The Wootens established a budget of about $2,000, and set to work on their first assignment: packing up the wedding gifts and storing them in the laundry room.

Over the next eight weeks, Ms. Kwinter-Schwartz reached out to a variety of contacts to find high-quality bargain-priced furnishings and sent near-daily e-mail messages to her clients.

One early e-mail discussion addressed the couple’s desire for a sleeper sofa: Ms. Kwinter-Schwartz suggested the Manstad from Ikea, but then found out that Avery Boardman, a high-end custom upholstery company in the Decoration & Design Building, was planning to start selling some merchandise at clearance prices, so she called a contact there to ask for an early look.

After identifying a sofa bed with “clean lines,” Ms. Kwinter-Schwartz invited Ms. Wooten to accompany her to the showroom and explained why she thought the piece — marked down from $5,800 to $1,950 (including delivery) — was a good investment. Their current apartment might be “a temporary space,” she said, but this piece was both “versatile” and “elegant” and would “be a permanent part of their collection.” And when Ms. Wooten’s mother visited, she added, “You want to have someplace she can come and stay and be comfortable.”

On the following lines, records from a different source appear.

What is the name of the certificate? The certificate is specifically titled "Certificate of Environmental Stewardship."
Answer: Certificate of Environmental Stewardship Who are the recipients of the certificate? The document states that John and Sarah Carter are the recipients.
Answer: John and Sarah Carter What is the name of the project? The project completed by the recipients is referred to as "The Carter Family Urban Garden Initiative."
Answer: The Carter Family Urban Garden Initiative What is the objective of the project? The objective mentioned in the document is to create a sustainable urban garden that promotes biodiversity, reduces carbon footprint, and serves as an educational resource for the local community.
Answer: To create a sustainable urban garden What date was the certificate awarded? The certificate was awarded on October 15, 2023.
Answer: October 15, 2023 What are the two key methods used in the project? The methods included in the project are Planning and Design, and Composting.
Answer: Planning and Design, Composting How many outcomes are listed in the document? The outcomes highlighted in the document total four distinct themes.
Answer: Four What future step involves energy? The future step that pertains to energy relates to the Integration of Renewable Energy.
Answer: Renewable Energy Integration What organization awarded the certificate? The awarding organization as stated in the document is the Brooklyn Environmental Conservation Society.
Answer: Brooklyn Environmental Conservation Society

The couple talked it over and decided to increase their budget to $4,000 so they could buy the sofa.

Satisfied that the couple’s biggest expenditure was behind them, the designer began scouring estate sales for other pieces, eventually purchasing a coffee table, a chair and a ceramic lamp. A search for “midcentury table lamps” on eBay yielded a pair of “spectacular” Lucite lamps for $165: “I am so excited,” Ms. Kwinter-Schwartz reported after they arrived. “If someone said they were $4,000, I wouldn’t blink.”

The process was not without a few bumps, however. When Ms. Kwinter-Schwartz suggested reupholstering the dining chairs in a brighter material, for example, Ms. Wooten protested: “But my mother just reupholstered them before she sent them to us,” although she eventually agreed.

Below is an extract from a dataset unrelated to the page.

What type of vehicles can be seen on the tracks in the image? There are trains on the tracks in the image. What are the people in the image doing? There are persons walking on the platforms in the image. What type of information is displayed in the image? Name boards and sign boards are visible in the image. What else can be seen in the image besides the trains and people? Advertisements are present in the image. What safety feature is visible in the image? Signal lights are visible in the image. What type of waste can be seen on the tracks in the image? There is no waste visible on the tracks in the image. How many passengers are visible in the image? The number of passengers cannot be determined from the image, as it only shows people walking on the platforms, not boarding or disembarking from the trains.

Then there was the prospect of adjusting to a new style. One night, the couple returned home after one of the designer’s many visits and were shocked to find she had hung a deer skull and antlers over the television and applied broad brown vinyl stripes to the wall behind the dining table.

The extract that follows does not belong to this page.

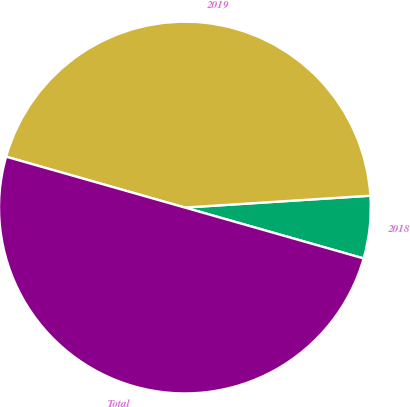<chart> <loc_0><loc_0><loc_500><loc_500><pie_chart><fcel>2018<fcel>2019<fcel>Total<nl><fcel>5.43%<fcel>44.57%<fcel>50.0%<nl></chart>

“I would never have spent $150 on that,” Ms. Wooten said, referring to the stripes. “It’s a little out there.”

A design-savvy friend advised her that “antlers are so in right now,” and she responded with uncharacteristic frankness, telling him: “I so don’t care. They’re creeping me out.”

But when she voiced her concerns to the designer in a more polite way, she didn’t get the response she had hoped for: “Brendan said live with them for a few weeks, and I think they’ll grow on you,” Ms. Wooten said.

Finally, she decided to set aside her reservations. “I feel like I just have to let go,” she said. “She’s the pro. She’s a little bit more modern, but it’s good, because it’s making me try things.”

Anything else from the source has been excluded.